General idea of the PDF Export Server is to receive page HTML markup from the client, put this HTML to a puppeteer page running in headless mode and covert page to the PDF file.
Why not take a library to render PDF on the client, one might wonder? For a number of reasons:
- There are libraries which allow building PDF from JS, but one has to actually build the pdf block by block which is complicated. Also, not all styles are supported. Another option is to take library which already does that by using canvas. But canvas has its limits therefore large pages cannot be exported reliably.
- Browser already knows how to print HTML to PDF, we only need a way to do this automatically (and we have).
- Less code on the client and page uses less resources which is crucial when exporting large pages.
For reasons above we picked puppeteer as a way to reliably export HTML to PDF.
But having a server isn't a magic trick that solves all our problems. We have to pay for reliable API with more complicated architecture.
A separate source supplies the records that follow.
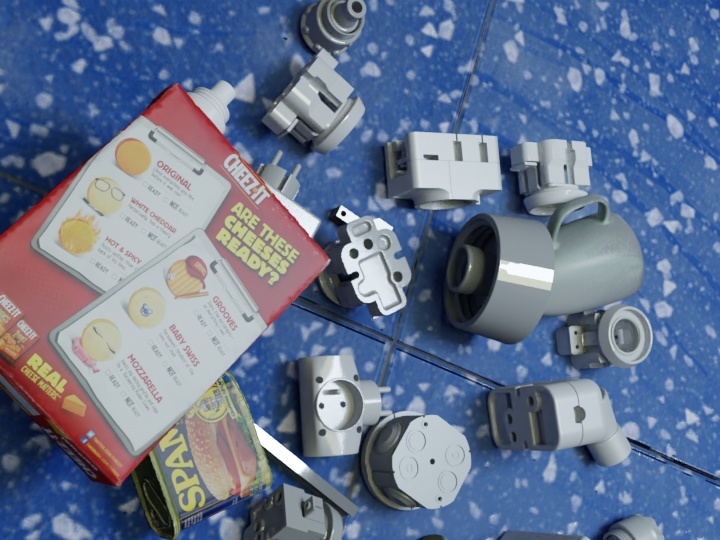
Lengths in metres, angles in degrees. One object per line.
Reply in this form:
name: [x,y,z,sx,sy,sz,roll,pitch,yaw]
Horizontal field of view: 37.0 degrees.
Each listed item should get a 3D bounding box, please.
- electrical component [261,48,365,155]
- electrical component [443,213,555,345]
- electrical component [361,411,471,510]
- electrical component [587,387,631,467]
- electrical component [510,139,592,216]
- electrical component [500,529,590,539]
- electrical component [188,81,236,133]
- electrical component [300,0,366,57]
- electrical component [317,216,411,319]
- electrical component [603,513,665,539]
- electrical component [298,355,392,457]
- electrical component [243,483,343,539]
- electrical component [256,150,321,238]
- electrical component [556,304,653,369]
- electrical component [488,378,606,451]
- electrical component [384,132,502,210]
electrical component: [-0.034,-0.130,0.867,0.057,0.058,0.078,41,66,-14]
electrical component: [0.108,0.004,0.898,0.060,0.108,0.108,12,77,-20]
electrical component: [0.046,0.154,0.872,0.080,0.051,0.080,4,81,-28]
electrical component: [0.217,0.144,0.973,0.044,0.044,0.065,-39,106,-27]
electrical component: [0.175,-0.082,0.973,0.078,0.058,0.057,1,79,-28]
electrical component: [0.168,0.273,0.889,0.056,0.109,0.108,-45,104,-29]
electrical component: [-0.121,-0.120,0.826,0.043,0.043,0.062,46,63,-15]
electrical component: [-0.017,-0.205,0.884,0.048,0.062,0.048,4,81,-28]
electrical component: [0.000,0.000,0.866,0.058,0.057,0.078,-25,95,-29]
electrical component: [0.239,0.248,0.968,0.062,0.043,0.043,-17,91,-28]
electrical component: [-0.009,0.106,0.853,0.079,0.044,0.077,0,83,-29]
electrical component: [-0.047,0.195,0.815,0.055,0.066,0.048,25,37,-31]
electrical component: [-0.071,-0.058,0.842,0.083,0.047,0.075,35,68,-20]
electrical component: [0.228,0.061,0.981,0.078,0.057,0.058,-1,83,-29]
electrical component: [0.161,0.122,0.913,0.059,0.095,0.053,-5,85,-29]
electrical component: [0.071,-0.083,0.921,0.089,0.050,0.055,-1,83,-28]
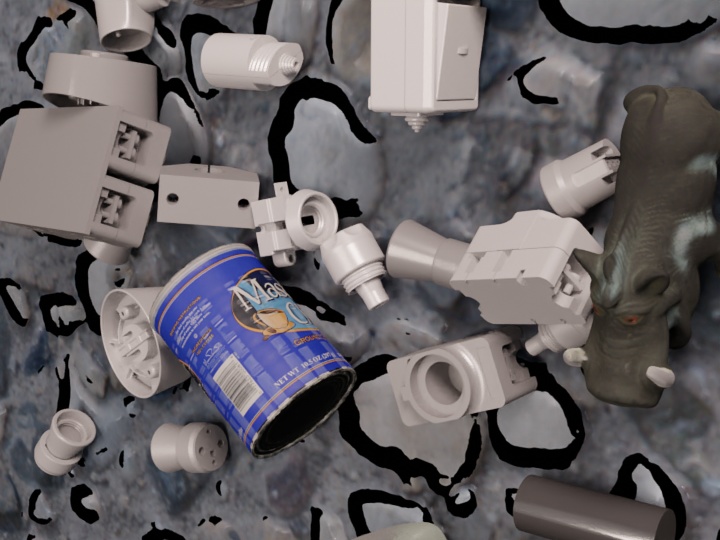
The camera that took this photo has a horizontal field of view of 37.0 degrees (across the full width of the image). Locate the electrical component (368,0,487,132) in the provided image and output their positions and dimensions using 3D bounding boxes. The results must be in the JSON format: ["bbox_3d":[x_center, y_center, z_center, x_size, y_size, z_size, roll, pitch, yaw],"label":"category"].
[{"bbox_3d":[0.048,-0.143,0.740,0.061,0.062,0.096,8,103,36],"label":"electrical component"}]

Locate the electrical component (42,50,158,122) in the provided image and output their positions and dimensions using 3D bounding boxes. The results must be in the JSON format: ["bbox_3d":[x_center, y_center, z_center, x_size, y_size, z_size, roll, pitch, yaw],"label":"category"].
[{"bbox_3d":[-0.221,-0.154,0.922,0.099,0.099,0.064,12,99,35],"label":"electrical component"}]

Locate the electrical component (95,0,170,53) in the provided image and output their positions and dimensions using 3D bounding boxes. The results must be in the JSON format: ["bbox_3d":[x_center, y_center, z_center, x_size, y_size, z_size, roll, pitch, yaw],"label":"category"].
[{"bbox_3d":[-0.188,-0.234,0.911,0.079,0.043,0.077,-15,75,20],"label":"electrical component"}]

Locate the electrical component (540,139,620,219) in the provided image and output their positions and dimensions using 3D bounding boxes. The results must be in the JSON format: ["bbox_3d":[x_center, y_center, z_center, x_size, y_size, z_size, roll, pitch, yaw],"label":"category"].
[{"bbox_3d":[0.146,-0.059,0.696,0.046,0.040,0.040,-29,80,31],"label":"electrical component"}]

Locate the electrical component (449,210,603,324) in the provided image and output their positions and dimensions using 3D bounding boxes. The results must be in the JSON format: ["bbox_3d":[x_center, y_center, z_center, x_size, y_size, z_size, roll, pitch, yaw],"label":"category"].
[{"bbox_3d":[0.113,-0.001,0.705,0.050,0.055,0.089,43,154,-27],"label":"electrical component"}]

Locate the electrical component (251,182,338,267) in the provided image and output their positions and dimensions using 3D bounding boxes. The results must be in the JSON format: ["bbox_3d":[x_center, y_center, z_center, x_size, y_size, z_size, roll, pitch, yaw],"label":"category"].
[{"bbox_3d":[-0.051,-0.037,0.845,0.055,0.048,0.066,-7,94,45],"label":"electrical component"}]

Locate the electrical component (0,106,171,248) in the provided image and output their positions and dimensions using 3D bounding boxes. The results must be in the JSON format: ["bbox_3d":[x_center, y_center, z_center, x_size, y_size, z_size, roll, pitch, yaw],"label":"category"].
[{"bbox_3d":[-0.243,-0.081,0.937,0.186,0.060,0.105,9,83,48],"label":"electrical component"}]

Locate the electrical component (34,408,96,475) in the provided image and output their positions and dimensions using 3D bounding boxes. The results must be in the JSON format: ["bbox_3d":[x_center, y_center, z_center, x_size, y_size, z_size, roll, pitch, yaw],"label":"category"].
[{"bbox_3d":[-0.293,0.171,1.065,0.045,0.045,0.055,51,124,19],"label":"electrical component"}]

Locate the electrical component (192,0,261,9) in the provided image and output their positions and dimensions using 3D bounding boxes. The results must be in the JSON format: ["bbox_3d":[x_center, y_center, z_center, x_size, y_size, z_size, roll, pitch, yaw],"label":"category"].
[{"bbox_3d":[-0.106,-0.235,0.846,0.055,0.055,0.047,-5,92,38],"label":"electrical component"}]

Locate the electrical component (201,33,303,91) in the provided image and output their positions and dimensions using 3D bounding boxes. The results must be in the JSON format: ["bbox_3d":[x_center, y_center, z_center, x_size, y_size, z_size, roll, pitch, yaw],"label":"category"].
[{"bbox_3d":[-0.081,-0.163,0.846,0.081,0.043,0.043,11,105,35],"label":"electrical component"}]

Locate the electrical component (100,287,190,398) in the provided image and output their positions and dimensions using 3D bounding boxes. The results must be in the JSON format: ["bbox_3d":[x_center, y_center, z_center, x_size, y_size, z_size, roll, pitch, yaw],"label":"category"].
[{"bbox_3d":[-0.190,0.062,0.955,0.099,0.064,0.099,7,102,36],"label":"electrical component"}]

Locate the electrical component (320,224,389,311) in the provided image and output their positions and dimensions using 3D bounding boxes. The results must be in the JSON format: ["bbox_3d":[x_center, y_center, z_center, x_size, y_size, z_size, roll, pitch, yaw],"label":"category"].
[{"bbox_3d":[0.000,0.000,0.814,0.043,0.043,0.062,-36,78,36],"label":"electrical component"}]

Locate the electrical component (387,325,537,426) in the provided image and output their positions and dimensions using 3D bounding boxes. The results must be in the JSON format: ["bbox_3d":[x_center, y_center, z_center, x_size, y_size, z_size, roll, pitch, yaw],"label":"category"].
[{"bbox_3d":[0.070,0.077,0.767,0.089,0.056,0.050,-19,87,38],"label":"electrical component"}]

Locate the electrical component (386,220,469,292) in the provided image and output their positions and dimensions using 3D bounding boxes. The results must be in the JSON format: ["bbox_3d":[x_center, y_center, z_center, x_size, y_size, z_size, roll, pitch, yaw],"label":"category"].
[{"bbox_3d":[0.057,-0.007,0.772,0.065,0.044,0.044,18,109,29],"label":"electrical component"}]

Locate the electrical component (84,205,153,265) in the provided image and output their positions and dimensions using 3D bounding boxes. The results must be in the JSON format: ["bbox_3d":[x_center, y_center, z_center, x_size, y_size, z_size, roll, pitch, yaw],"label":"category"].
[{"bbox_3d":[-0.216,-0.042,0.972,0.044,0.044,0.065,47,117,21],"label":"electrical component"}]

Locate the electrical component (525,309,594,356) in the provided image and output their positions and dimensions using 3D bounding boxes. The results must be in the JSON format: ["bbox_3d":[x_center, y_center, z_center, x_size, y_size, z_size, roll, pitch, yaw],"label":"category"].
[{"bbox_3d":[0.137,0.039,0.723,0.061,0.035,0.035,-39,75,37],"label":"electrical component"}]

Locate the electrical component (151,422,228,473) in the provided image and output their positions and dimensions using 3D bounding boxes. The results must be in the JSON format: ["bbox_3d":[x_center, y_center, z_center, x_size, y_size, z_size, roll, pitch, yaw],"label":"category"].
[{"bbox_3d":[-0.151,0.158,0.956,0.055,0.045,0.045,-7,94,37],"label":"electrical component"}]
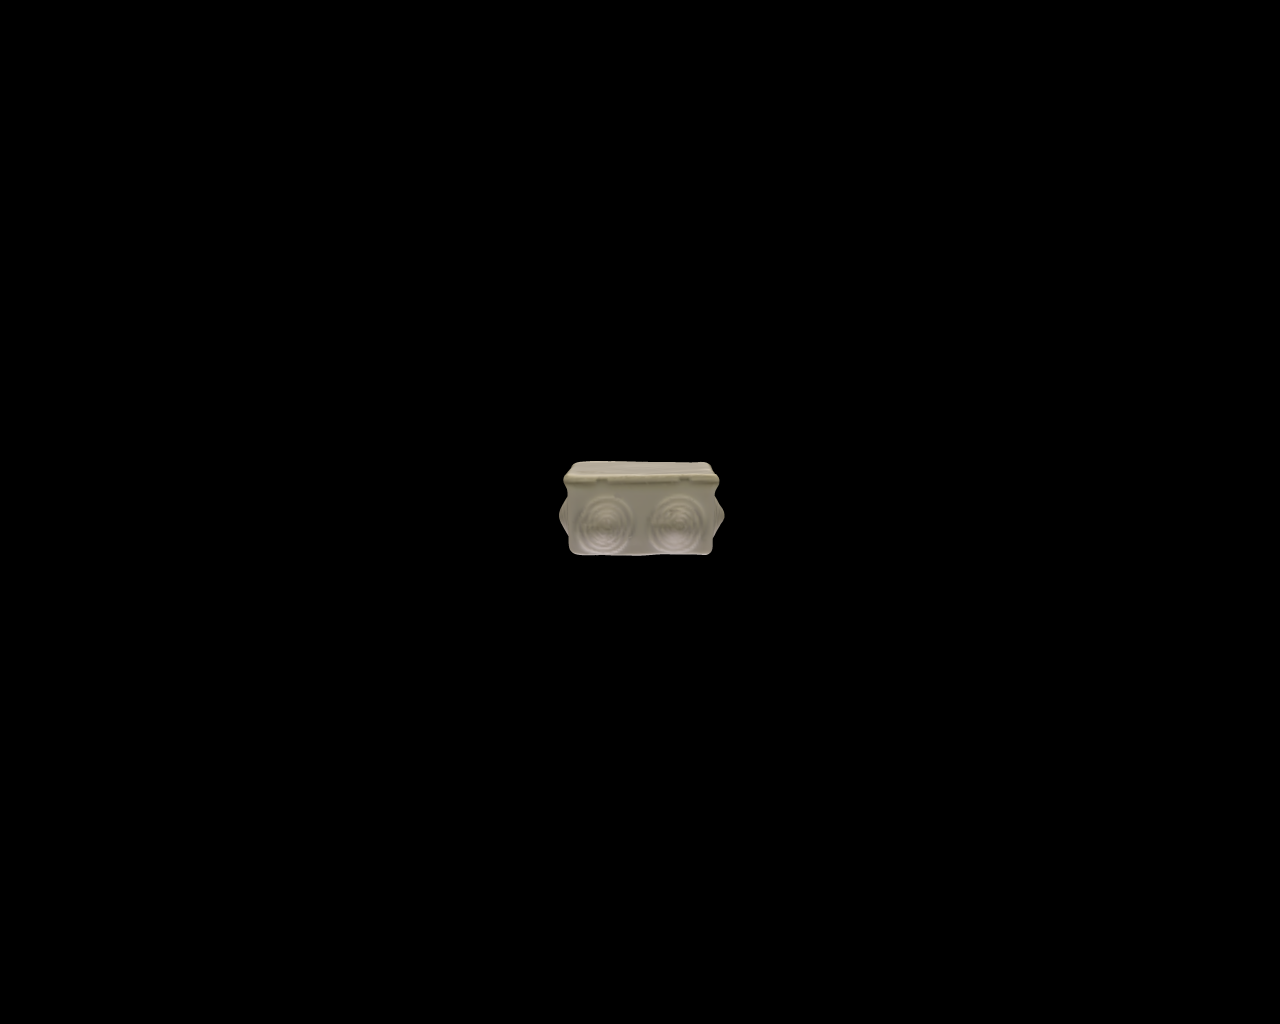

Thankfully not too complicated, what you need to do is:
- Find a place for the server where it would be accessible to your application.
- Allow server to load resources used by the exported page.
It often happens that you start your PDF export server on some remote host but when you try to export your Grid you only see some text which doesn't even remotely resemble the Grid. What happened? Server couldn't load page resources (styles, images, fonts) and did its best. So, how to fix it?
Let's start with a simplest configuration possible - we're developing app on a local machine and run server also locally.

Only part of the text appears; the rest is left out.